Grasso Carole, Anaka Matthew, Hofmann Oliver, Sompallae Ramakrishna, Broadley Kate, Hide Winston, Berridge Michael V, Cebon Jonathan, Behren Andreas, McConnell Melanie J
Malaghan Institute of Medical Research, P.O. Box 7060, Wellington, 6242, New Zealand.
Ludwig Institute for Cancer Research, Olivia Newton-John Cancer & Wellness Centre, Austin Hospital, Heidelberg, VIC, 3084, Australia.
BMC Cancer. 2016 Sep 9;16(1):726. doi: 10.1186/s12885-016-2759-2.
The heterogeneity and tumourigenicity of metastatic melanoma is attributed to a cancer stem cell model, with CD133 considered to be a cancer stem cell marker in melanoma as well as other tumours, but its role has remained controversial.
We iteratively sorted CD133+ and CD133- cells from 3 metastatic melanoma cell lines, and observed tumourigenicity and phenotypic characteristics over 7 generations of serial xeno-transplantation in NOD/SCID mice.
We demonstrate that iterative sorting is required to make highly pure populations of CD133+ and CD133- cells from metastatic melanoma, and that these two populations have distinct characteristics not related to the cancer stem cell phenotype. In vitro, gene set enrichment analysis indicated CD133+ cells were related to a proliferative phenotype, whereas CD133- cells were of an invasive phenotype. However, in vivo, serial transplantation of CD133+ and CD133- tumours over 7 generations showed that both populations were equally able to initiate and propagate tumours. Despite this, both populations remained phenotypically distinct, with CD133- cells only able to express CD133 in vivo and not in vitro. Loss of CD133 from the surface of a CD133+ cell was observed in vitro and in vivo, however CD133- cells derived from CD133+ retained the CD133+ phenotype, even in the presence of signals from the tumour microenvironment.

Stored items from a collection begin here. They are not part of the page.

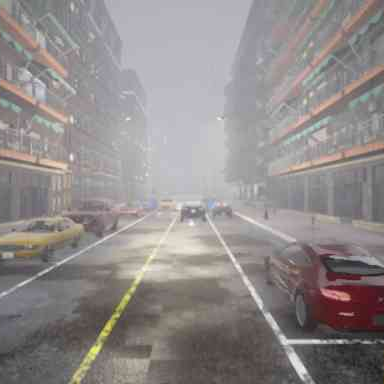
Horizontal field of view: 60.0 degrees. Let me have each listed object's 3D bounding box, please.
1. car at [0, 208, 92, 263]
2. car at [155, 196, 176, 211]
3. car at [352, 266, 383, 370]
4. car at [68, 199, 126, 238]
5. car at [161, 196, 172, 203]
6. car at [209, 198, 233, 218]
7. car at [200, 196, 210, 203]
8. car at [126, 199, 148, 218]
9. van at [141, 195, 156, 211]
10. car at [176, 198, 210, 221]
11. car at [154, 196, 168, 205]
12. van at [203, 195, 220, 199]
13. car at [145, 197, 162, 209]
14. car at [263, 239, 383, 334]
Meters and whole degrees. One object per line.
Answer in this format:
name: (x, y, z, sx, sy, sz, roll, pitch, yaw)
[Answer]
car: (-5.313, 1.511, 12.023, 1.752, 1.417, 4.829, 1, 0, 0)
car: (-2.848, 1.434, 39.232, 1.882, 1.535, 5.008, 0, 0, 0)
car: (2.574, 1.524, 1.051, 1.752, 1.417, 4.829, 1, 0, 0)
car: (-5.314, 1.294, 17.864, 2.192, 1.841, 5.009, 1, 0, 0)
car: (-5.280, 1.480, 68.902, 1.887, 1.381, 4.507, 1, 0, 0)
car: (2.571, 1.517, 29.235, 2.008, 1.369, 4.403, 1, 0, 0)
car: (2.568, 1.480, 68.931, 1.887, 1.381, 4.507, 1, 0, 0)
car: (-5.288, 1.549, 29.206, 1.802, 1.307, 4.206, 1, 0, 0)
van: (-5.275, 1.297, 40.548, 1.690, 1.788, 3.998, 1, 0, 0)
car: (0.097, 1.472, 26.976, 2.163, 1.488, 4.792, 0, 0, 0)
car: (-5.279, 1.493, 57.561, 2.008, 1.369, 4.403, 1, 0, 0)
van: (2.572, 1.297, 40.577, 1.690, 1.788, 3.998, 1, 0, 0)
car: (-5.278, 1.496, 46.219, 1.887, 1.381, 4.507, 1, 0, 0)
car: (2.572, 1.574, 6.553, 1.802, 1.307, 4.206, 1, 0, 0)

We show for the first time the necessity of iterative sorting to isolate pure marker-positive and marker-negative populations for comparative studies, and present evidence that despite CD133+ and CD133- cells being equally tumourigenic, they display distinct phenotypic differences, suggesting CD133 may define a distinct lineage in melanoma.
转移性黑色素瘤的异质性和致瘤性归因于癌症干细胞模型,CD133被认为是黑色素瘤以及其他肿瘤中的癌症干细胞标志物,但其作用仍存在争议。
我们从3种转移性黑色素瘤细胞系中反复分选CD133+和CD133-细胞,并在NOD/SCID小鼠中观察了7代连续异种移植过程中的致瘤性和表型特征。
我们证明,需要反复分选才能从转移性黑色素瘤中获得高度纯化的CD133+和CD133-细胞群体,并且这两个群体具有与癌症干细胞表型无关的不同特征。在体外,基因集富集分析表明CD133+细胞与增殖表型相关,而CD133-细胞具有侵袭表型。然而,在体内,CD133+和CD133-肿瘤的7代连续移植表明,这两个群体启动和传播肿瘤的能力相同。尽管如此,这两个群体在表型上仍然不同,CD133-细胞仅能在体内而非体外表达CD133。在体外和体内均观察到CD133+细胞表面CD133的丢失,然而,源自CD133+的CD133-细胞即使在存在肿瘤微环境信号的情况下仍保留CD133+表型。
我们首次表明,为进行比较研究,反复分选以分离纯的标志物阳性和标志物阴性群体是必要的,并提供证据表明,尽管CD133+和CD133-细胞具有同等的致瘤性,但它们表现出明显的表型差异,这表明CD133可能在黑色素瘤中定义了一个独特的细胞谱系。